Kim Jong Il Was Against Succession

Kim Jong Nam has revealed in a new interview that Kim Jong Il was “always against the third generation succession.”

“Even Premier Mao Zedong didn’t hand down power. It doesn’t fit with socialism, and my father too was against it,” Kim Jong Il’s eldest son told Tokyo Shimbun today, explaining that hereditary succession is unavoidable now “for the stability of the nation’s system.”

“I hope,” Kim went on, “that (Kim Jong Eun) will accede to my father’s achievements and make the people affluent. I hope that North-South relations will be adjusted so that tragedies like the Yeonpyeong Island shelling don’t happen.”

“It would be good,” he added, “if he became a leader whom the people can respect.”

Elsewhere, Kim also moved to deny the existence of a rift between himself and the Pyongyang regime which has led to suggestions that his life might be at risk, saying that the rumors are “groundless” and asserting that he occasionally offers his opinion to Kim Jong Il.

“I have never felt in any danger,” Kim reportedly said.

Always outspoken, Kim also explained why he believes North Korea is unlikely to give up its nuclear weapons, saying, “Our national strength comes from nuclear weapons, and as long as confrontation with the United States continues, the likelihood of giving them up is low.”

In a connected comment, Kim said that in his view the Yeonpyeong Island shelling happened both so as to emphasize the image of the area as one in conflict but also to “validate the justification for Military-first politics and the possession of nuclear weapons.”

Finally, Kim also expressed his support for profound changes in North Korea, pointing out, “The currency reform was a failure” and adding, “We need to take more interest in reform and opening. North Korea cannot become an economically powerful country in the current situation. North Korea hopes the most for the normalization of relations with the U.S. and the establishment of Korean Peninsula peace. After that, genuine economic reconstruction can begin.”
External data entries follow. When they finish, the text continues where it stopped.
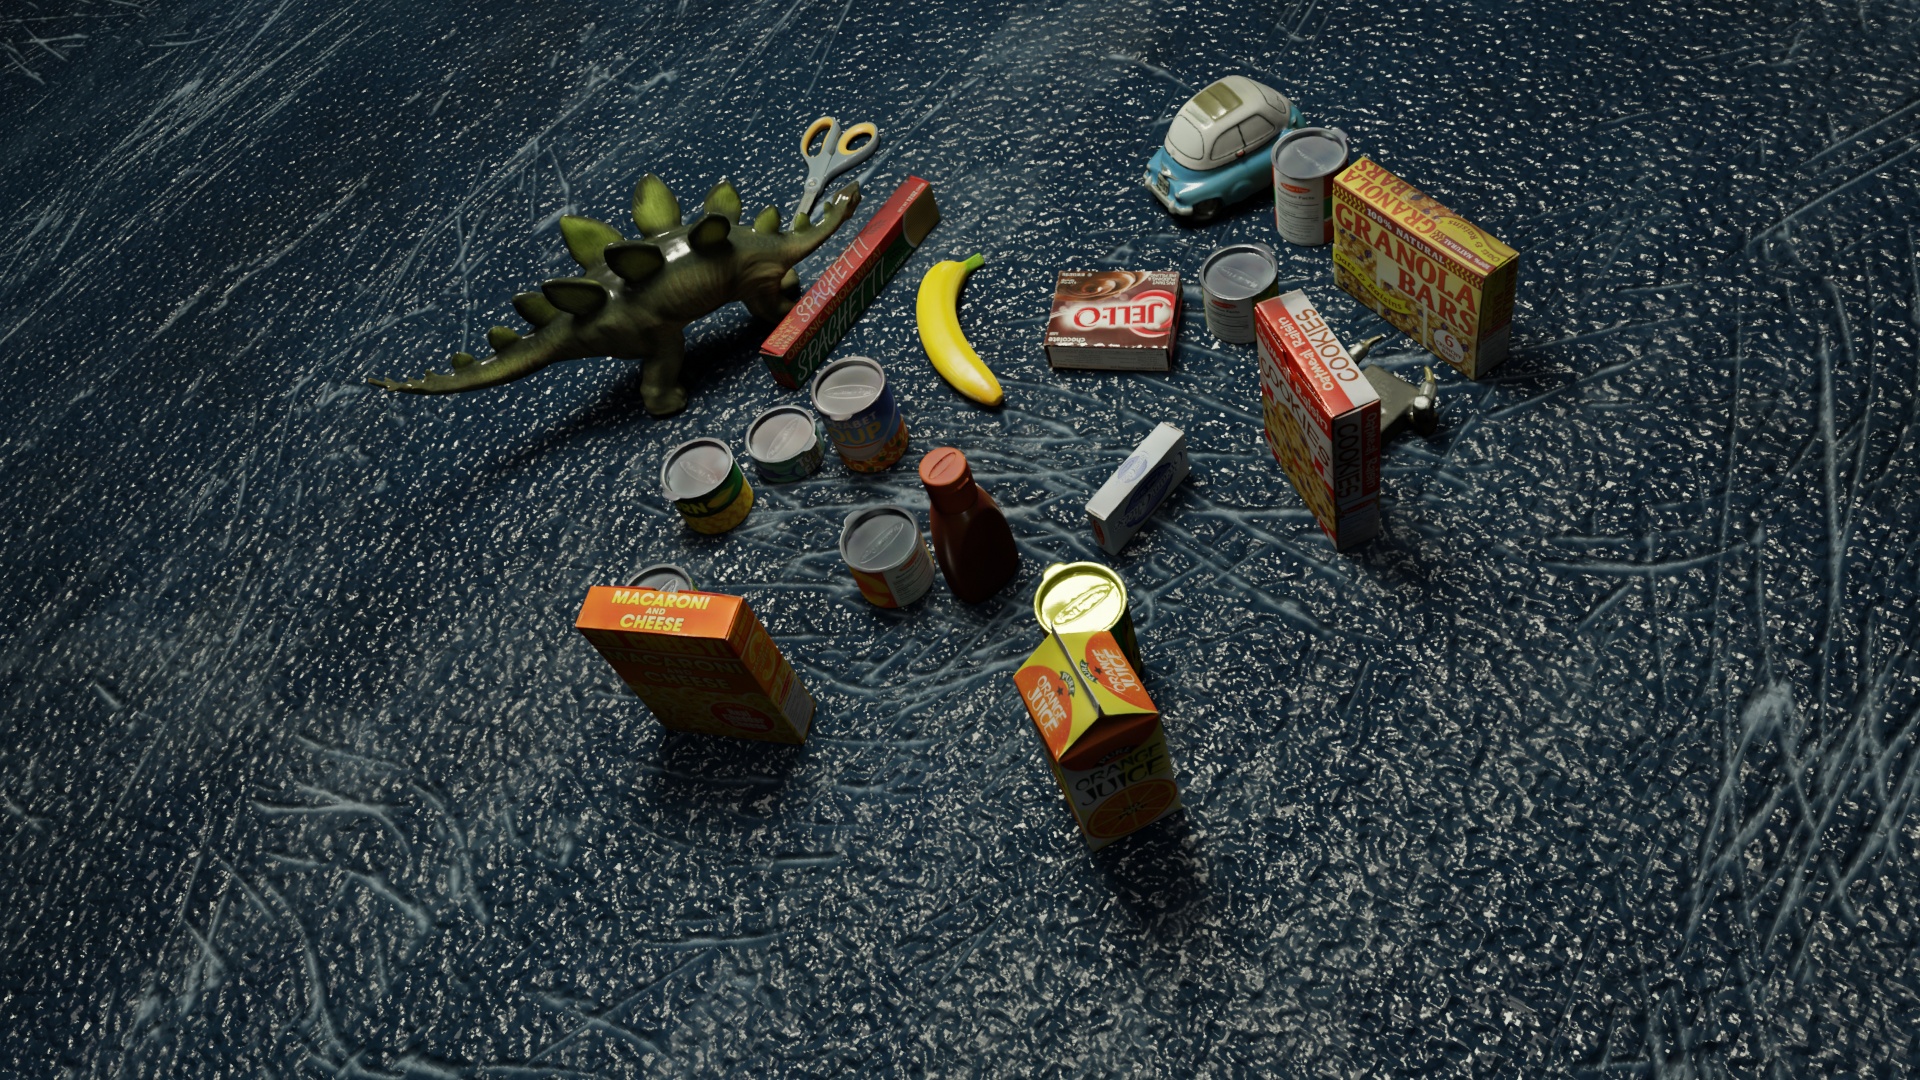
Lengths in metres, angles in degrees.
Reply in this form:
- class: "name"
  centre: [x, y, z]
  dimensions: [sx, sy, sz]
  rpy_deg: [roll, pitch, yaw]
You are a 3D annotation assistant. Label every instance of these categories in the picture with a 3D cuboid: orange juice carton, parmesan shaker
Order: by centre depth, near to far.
- class: "orange juice carton"
  centre: [0.091, 0.127, 0.924]
  dimensions: [0.073, 0.191, 0.072]
  rpy_deg: [-26, 53, -3]
- class: "parmesan shaker"
  centre: [0.095, 0.069, 1.021]
  dimensions: [0.071, 0.102, 0.071]
  rpy_deg: [-8, 54, 11]

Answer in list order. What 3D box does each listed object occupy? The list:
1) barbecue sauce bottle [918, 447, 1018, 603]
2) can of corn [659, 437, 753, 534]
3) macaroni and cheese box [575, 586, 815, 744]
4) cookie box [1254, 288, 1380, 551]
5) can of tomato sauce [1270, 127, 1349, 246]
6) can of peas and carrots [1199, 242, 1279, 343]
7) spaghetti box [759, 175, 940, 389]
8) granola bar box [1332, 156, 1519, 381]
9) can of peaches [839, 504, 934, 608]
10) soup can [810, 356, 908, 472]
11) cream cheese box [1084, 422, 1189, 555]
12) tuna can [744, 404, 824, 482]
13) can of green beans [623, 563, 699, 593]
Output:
- class: "barbecue sauce bottle"
  centre: [0.004, -0.014, 1.077]
  dimensions: [0.044, 0.148, 0.065]
  rpy_deg: [33, 70, 32]
- class: "can of corn"
  centre: [-0.224, -0.045, 1.220]
  dimensions: [0.071, 0.058, 0.071]
  rpy_deg: [-8, 54, 11]
- class: "macaroni and cheese box"
  centre: [-0.195, 0.094, 1.045]
  dimensions: [0.124, 0.165, 0.040]
  rpy_deg: [3, 57, 18]
- class: "cookie box"
  centre: [0.268, -0.088, 1.044]
  dimensions: [0.040, 0.166, 0.123]
  rpy_deg: [-23, 53, -1]
- class: "can of tomato sauce"
  centre: [0.316, -0.318, 1.247]
  dimensions: [0.071, 0.082, 0.071]
  rpy_deg: [-8, 54, 11]
- class: "can of peas and carrots"
  centre: [0.245, -0.216, 1.210]
  dimensions: [0.071, 0.058, 0.071]
  rpy_deg: [-8, 54, 11]
- class: "spaghetti box"
  centre: [-0.103, -0.250, 1.337]
  dimensions: [0.029, 0.050, 0.251]
  rpy_deg: [23, 64, 28]
- class: "granola bar box"
  centre: [0.375, -0.222, 1.136]
  dimensions: [0.039, 0.123, 0.166]
  rpy_deg: [-35, 54, -10]
- class: "can of peaches"
  centre: [-0.060, 0.012, 1.133]
  dimensions: [0.071, 0.057, 0.071]
  rpy_deg: [-8, 54, 11]
- class: "soup can"
  centre: [-0.087, -0.106, 1.209]
  dimensions: [0.071, 0.083, 0.072]
  rpy_deg: [-8, 54, 11]
- class: "cream cheese box"
  centre: [0.143, -0.042, 1.117]
  dimensions: [0.024, 0.053, 0.104]
  rpy_deg: [32, 69, 32]
- class: "tuna can"
  centre: [-0.155, -0.086, 1.246]
  dimensions: [0.071, 0.032, 0.071]
  rpy_deg: [-8, 54, 11]
- class: "can of green beans"
  centre: [-0.242, 0.062, 1.149]
  dimensions: [0.071, 0.057, 0.071]
  rpy_deg: [-8, 54, 11]
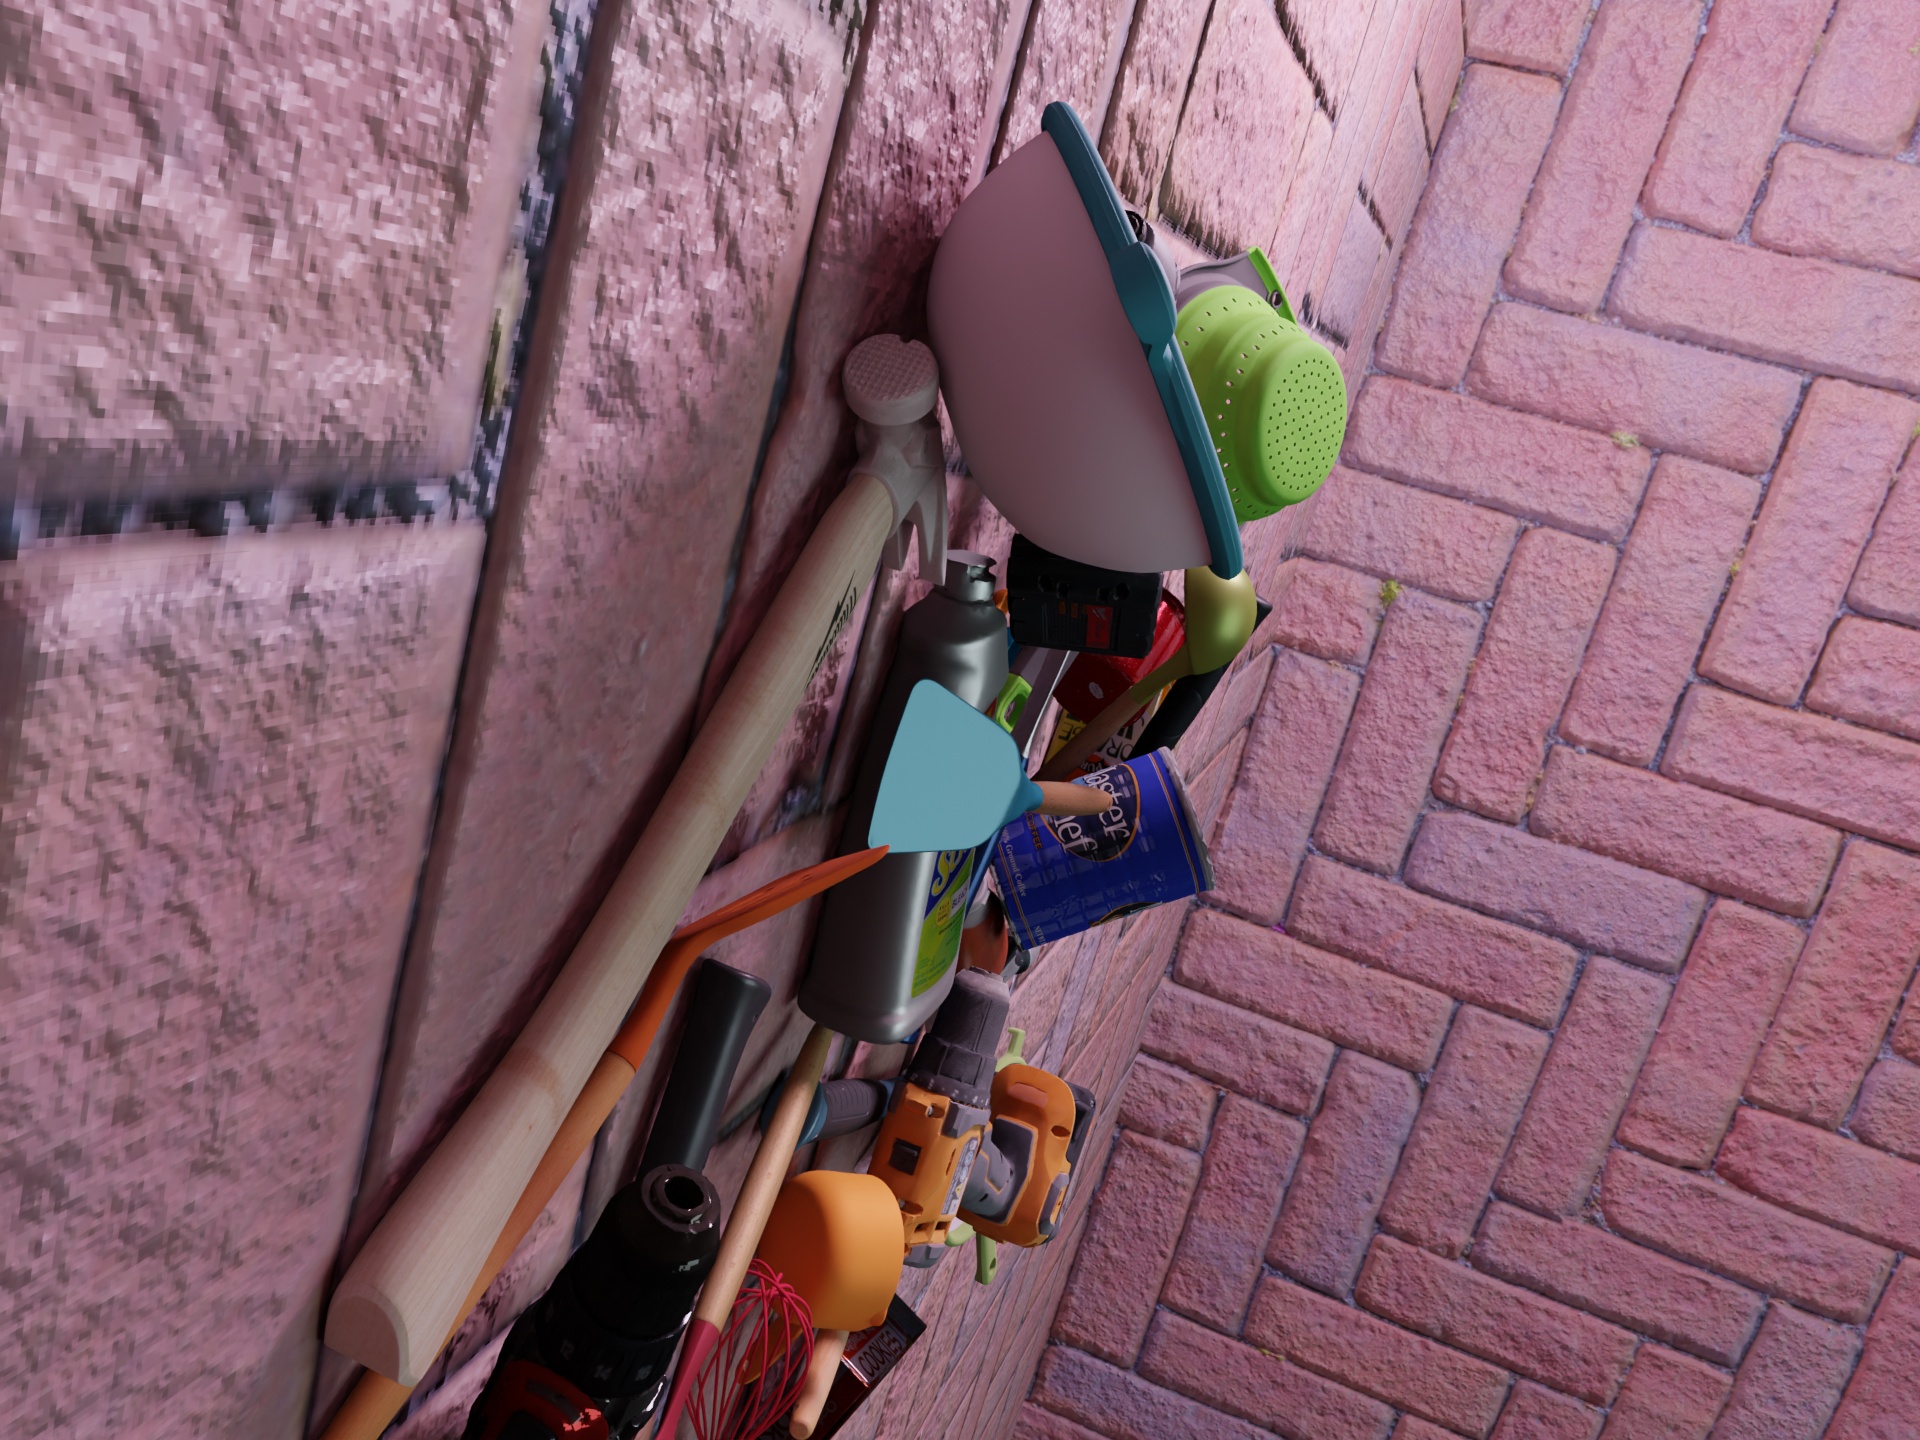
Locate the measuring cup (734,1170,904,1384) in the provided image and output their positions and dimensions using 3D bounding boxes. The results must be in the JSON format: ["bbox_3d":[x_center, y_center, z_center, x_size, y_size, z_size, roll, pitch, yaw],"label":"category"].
[{"bbox_3d":[-0.103,0.335,0.932,0.052,0.095,0.173,22,117,-37],"label":"measuring cup"}]

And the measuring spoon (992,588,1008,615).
[{"bbox_3d":[0.001,-0.044,0.919,0.117,0.011,0.021,-50,155,-45],"label":"measuring spoon"}]

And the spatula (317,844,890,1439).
[{"bbox_3d":[-0.135,0.154,0.596,0.081,0.041,0.323,-20,-152,49],"label":"spatula"}]

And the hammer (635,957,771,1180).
[{"bbox_3d":[-0.152,0.265,0.702,0.146,0.035,0.335,9,100,-76],"label":"hammer"}]

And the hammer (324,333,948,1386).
[{"bbox_3d":[-0.102,0.046,0.602,0.146,0.038,0.411,86,28,-60],"label":"hammer"}]

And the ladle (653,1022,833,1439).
[{"bbox_3d":[-0.110,0.258,0.733,0.316,0.031,0.069,-68,178,-50],"label":"ladle"}]

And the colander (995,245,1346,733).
[{"bbox_3d":[0.155,-0.143,1.071,0.397,0.095,0.204,-56,135,-16],"label":"colander"}]

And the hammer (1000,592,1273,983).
[{"bbox_3d":[0.109,0.067,1.185,0.408,0.036,0.149,-59,170,27],"label":"hammer"}]

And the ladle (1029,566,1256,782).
[{"bbox_3d":[0.093,-0.009,1.051,0.320,0.062,0.078,-47,-153,50],"label":"ladle"}]

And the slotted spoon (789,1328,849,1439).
[{"bbox_3d":[-0.074,0.373,1.026,0.070,0.031,0.314,-52,180,7],"label":"slotted spoon"}]

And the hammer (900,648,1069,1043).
[{"bbox_3d":[0.040,0.010,0.975,0.405,0.035,0.144,-66,-152,4],"label":"hammer"}]

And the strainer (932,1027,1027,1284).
[{"bbox_3d":[-0.004,0.361,1.260,0.151,0.069,0.256,-51,149,-42],"label":"strainer"}]

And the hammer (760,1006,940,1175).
[{"bbox_3d":[-0.060,0.242,1.013,0.330,0.033,0.128,42,67,-74],"label":"hammer"}]

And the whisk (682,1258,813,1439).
[{"bbox_3d":[-0.137,0.413,0.906,0.073,0.073,0.295,-48,159,-56],"label":"whisk"}]

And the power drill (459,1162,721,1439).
[{"bbox_3d":[-0.161,0.261,0.515,0.187,0.080,0.227,-60,174,26],"label":"power drill"}]

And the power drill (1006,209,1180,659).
[{"bbox_3d":[0.077,-0.155,0.849,0.143,0.078,0.220,78,20,-74],"label":"power drill"}]

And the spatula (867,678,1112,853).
[{"bbox_3d":[0.034,0.037,0.854,0.317,0.044,0.082,14,92,-72],"label":"spatula"}]

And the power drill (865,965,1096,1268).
[{"bbox_3d":[0.018,0.266,1.066,0.226,0.084,0.185,33,74,-61],"label":"power drill"}]

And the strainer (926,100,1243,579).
[{"bbox_3d":[0.035,-0.134,0.618,0.340,0.095,0.211,-58,127,-80],"label":"strainer"}]

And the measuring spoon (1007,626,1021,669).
[{"bbox_3d":[-0.002,-0.003,0.956,0.128,0.021,0.042,-59,170,-7],"label":"measuring spoon"}]

“I hope that North Korea becomes more secure and that the economy recovers,” Kim concluded, but was quick to add, “This is neither a challenge to my younger brother nor a complaint.”

This is not the first time Kim Jong Nam has expressed opposition to the third generation succession. In an interview with Japan’s TV Asahi on October 9th last year, the day before the celebration of the founding day of the Chosun Workers’ Party last year, he said that he was personally opposed to the succession, but added that “I believe there must have been good reasons for it internally, and as long as there are reasons, I think we have to follow them.”